Edifício destina-se maioritariamente a apartamentos e foi apresentado na Trienal de Arquitectura de Lisboa, realizada em 2007

a A secção sul da Ordem dos Arquitectos considera o chumbo camarário do licenciamento do projecto de Valsassina e Aires Mateus para o Largo do Rato "sem fundamento nem enquadramento legal" e vai promover a sua apresentação pública em Setembro."Consideramos que este é o momento oportuno para os arquitectos Valsassina e Aires Mateus poderem explicar o seu projecto, o que ainda não tiveram oportunidade de fazer", disse a presidente da secção regional Sul da Ordem dos Arquitectos, Leonor Cintra Gomes. Assim, os promotores "ainda podem contrapor os argumentos da Câmara de Lisboa", que no final de Julho se recusou a emitir a licença de construção, depois de, em 2005, ter aprovado o projecto de arquitectura, através de um despacho da então vereadora social-democrata Eduarda Napoleão.
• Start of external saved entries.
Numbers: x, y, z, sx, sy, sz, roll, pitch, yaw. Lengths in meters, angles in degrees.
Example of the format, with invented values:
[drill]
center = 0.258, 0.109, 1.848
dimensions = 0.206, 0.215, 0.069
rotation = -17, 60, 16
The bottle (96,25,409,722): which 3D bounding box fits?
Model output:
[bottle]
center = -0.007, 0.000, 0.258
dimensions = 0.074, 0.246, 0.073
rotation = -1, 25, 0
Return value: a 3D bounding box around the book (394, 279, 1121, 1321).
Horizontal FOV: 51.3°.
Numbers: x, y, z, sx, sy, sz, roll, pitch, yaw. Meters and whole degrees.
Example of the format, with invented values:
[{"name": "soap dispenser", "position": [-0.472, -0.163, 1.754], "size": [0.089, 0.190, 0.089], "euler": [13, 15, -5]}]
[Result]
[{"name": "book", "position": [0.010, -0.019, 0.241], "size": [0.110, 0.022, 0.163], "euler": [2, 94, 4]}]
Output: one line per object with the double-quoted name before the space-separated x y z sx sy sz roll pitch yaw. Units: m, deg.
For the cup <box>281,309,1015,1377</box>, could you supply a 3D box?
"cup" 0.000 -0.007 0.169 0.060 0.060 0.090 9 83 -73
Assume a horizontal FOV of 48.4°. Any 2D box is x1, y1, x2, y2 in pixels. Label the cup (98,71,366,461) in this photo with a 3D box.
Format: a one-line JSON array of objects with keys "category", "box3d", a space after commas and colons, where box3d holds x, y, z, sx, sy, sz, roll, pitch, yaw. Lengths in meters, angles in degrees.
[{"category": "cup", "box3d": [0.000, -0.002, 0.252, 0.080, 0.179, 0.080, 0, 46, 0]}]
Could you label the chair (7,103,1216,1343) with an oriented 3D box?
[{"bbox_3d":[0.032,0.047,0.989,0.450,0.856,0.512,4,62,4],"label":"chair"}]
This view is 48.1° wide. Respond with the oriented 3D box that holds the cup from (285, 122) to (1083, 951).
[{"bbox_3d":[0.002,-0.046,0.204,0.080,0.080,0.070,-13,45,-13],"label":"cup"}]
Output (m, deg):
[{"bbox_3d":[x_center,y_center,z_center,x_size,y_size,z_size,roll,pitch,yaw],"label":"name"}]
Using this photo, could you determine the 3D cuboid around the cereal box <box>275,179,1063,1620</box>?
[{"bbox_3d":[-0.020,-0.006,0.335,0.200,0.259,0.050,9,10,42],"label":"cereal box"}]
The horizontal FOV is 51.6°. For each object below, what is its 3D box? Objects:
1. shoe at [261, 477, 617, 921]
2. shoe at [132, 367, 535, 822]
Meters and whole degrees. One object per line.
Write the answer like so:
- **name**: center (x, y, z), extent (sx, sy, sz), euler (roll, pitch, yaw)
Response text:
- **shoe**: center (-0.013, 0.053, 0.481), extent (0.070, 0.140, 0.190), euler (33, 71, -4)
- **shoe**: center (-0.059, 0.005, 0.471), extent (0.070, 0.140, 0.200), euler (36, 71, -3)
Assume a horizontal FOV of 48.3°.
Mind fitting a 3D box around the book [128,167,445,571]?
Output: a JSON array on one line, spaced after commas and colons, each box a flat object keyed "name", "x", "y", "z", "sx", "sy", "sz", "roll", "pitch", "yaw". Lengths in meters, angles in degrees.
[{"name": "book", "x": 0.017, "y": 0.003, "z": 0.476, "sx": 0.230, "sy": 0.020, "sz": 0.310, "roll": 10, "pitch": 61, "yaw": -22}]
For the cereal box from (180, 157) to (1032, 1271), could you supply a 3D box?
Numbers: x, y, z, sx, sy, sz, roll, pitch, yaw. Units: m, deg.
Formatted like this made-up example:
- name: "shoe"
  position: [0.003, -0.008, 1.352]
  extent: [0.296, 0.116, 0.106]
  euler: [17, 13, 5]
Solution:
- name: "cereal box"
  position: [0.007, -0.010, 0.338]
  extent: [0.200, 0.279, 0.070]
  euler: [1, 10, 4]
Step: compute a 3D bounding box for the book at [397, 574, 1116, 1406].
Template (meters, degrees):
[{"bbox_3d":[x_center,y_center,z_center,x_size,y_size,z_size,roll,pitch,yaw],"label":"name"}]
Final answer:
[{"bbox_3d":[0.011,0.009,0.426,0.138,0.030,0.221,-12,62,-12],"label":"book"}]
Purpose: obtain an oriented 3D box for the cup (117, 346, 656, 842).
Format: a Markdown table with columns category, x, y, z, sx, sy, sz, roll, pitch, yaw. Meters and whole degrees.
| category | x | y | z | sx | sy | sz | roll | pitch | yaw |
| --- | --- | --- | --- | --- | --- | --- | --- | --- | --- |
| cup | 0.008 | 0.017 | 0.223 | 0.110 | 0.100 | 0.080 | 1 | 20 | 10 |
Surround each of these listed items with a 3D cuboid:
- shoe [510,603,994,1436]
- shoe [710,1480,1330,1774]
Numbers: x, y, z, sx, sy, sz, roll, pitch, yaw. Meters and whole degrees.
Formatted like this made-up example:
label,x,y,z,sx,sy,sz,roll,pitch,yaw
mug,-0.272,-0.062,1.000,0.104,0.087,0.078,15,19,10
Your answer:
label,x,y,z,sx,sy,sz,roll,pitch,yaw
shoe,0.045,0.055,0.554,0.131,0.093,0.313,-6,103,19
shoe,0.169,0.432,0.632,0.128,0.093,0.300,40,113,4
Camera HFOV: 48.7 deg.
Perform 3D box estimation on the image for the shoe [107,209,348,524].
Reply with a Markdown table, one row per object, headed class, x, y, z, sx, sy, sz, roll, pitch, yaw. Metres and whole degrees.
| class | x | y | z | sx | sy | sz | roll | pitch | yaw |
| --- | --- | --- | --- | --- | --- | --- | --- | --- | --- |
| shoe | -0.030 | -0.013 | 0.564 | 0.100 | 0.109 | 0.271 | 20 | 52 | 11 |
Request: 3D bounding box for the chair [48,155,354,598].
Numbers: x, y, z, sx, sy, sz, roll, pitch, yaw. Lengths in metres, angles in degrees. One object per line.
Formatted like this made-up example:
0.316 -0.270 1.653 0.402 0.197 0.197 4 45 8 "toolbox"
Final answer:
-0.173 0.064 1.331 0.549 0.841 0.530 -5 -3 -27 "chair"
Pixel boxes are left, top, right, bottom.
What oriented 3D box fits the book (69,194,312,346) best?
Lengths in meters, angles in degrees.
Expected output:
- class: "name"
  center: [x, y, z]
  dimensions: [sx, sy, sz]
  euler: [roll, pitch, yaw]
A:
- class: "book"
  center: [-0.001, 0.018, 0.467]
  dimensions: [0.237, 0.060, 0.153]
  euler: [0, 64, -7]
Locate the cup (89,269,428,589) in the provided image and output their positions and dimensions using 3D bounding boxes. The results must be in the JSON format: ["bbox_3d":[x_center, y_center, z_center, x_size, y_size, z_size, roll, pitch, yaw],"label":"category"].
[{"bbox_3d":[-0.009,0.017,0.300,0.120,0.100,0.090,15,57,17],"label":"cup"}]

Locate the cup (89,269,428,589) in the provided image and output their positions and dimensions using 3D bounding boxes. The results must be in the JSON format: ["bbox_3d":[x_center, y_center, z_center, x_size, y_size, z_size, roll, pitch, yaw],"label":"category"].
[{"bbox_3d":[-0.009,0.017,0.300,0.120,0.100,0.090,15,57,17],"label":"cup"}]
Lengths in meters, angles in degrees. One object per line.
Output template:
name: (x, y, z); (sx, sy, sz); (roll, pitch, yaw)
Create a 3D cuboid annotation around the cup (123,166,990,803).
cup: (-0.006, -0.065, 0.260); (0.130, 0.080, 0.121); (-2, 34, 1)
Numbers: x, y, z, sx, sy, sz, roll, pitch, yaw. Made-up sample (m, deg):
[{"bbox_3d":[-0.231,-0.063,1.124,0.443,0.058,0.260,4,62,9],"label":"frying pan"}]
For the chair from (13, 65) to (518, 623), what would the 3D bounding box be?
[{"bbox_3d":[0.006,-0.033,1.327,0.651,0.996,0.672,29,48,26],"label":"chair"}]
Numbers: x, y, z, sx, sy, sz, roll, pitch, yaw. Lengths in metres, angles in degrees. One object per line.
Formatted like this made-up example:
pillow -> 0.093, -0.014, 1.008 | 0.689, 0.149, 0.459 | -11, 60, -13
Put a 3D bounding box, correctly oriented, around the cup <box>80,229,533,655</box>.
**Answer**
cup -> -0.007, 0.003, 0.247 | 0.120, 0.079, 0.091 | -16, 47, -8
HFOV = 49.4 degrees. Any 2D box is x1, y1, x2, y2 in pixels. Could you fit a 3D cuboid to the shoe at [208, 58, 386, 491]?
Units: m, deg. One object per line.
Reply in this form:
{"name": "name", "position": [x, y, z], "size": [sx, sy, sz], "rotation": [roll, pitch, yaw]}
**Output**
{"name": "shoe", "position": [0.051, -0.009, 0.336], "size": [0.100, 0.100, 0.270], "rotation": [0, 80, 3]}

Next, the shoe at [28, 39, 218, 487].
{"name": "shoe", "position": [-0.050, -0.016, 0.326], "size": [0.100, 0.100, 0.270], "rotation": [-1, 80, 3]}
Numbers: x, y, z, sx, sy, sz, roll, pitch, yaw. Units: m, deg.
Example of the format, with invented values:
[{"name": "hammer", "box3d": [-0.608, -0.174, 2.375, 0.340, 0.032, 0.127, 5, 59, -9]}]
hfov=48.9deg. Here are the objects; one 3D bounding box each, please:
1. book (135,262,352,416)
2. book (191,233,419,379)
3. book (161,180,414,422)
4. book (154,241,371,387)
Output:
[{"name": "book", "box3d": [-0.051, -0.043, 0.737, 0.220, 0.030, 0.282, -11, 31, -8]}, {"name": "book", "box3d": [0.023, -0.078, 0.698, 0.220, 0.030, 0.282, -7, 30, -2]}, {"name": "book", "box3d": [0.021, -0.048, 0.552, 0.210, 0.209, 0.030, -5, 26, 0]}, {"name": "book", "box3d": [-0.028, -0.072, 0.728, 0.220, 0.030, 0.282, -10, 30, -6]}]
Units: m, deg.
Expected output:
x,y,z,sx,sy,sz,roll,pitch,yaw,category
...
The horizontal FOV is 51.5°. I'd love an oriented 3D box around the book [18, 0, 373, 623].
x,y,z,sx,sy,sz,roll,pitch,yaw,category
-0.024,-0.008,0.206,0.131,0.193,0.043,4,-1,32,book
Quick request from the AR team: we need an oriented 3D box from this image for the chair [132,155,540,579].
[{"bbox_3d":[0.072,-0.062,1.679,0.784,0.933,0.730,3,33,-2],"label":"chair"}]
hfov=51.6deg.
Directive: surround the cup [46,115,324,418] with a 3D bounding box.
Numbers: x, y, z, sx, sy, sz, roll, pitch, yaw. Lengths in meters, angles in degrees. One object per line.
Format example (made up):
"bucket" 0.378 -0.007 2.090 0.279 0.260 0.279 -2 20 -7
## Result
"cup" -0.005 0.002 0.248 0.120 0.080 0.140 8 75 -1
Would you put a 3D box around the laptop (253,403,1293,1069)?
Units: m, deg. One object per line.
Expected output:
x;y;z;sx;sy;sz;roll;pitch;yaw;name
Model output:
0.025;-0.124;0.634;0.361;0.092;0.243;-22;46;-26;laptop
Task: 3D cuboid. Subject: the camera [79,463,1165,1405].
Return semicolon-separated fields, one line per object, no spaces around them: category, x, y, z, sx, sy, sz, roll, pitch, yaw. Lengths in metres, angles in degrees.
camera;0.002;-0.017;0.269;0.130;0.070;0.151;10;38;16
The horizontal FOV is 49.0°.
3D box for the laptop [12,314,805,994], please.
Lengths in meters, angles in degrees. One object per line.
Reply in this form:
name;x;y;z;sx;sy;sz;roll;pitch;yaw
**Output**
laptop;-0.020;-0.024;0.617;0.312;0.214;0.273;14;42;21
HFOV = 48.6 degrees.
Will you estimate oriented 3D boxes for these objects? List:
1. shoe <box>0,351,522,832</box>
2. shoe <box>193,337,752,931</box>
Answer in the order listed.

Apenas o PS, que governa a câmara, defendeu que a licença fosse passada, tendo no entanto sido vencido pelos votos da oposição e do Bloco de Esquerda.
Em comunicado, a secção regional da Ordem dos Arquitectos sublinha que a recusa de emissão da licença de construção do edifício "não tem fundamento nem enquadramento legal", uma vez que "as questões que se prendem com a estética ou inserção urbana estavam já aprovadas". Além disso, acrescenta, constitui "um caso de discricionariedade extemporânea" e "lesa a confiança dos cidadãos nos actos da administração pública" e no trabalho do conjunto alargado de técnicos que avaliou o projecto.
"A aprovação do projecto de arquitectura é constitutiva de direitos para o requerente, pelo que a proposta de indeferimento, nesta fase, prejudica a confiança dos cidadãos nos actos da administração pública", refere o documento, sublinhando que o projecto de especialidades apresentado também não foi objecto de qualquer parecer negativo.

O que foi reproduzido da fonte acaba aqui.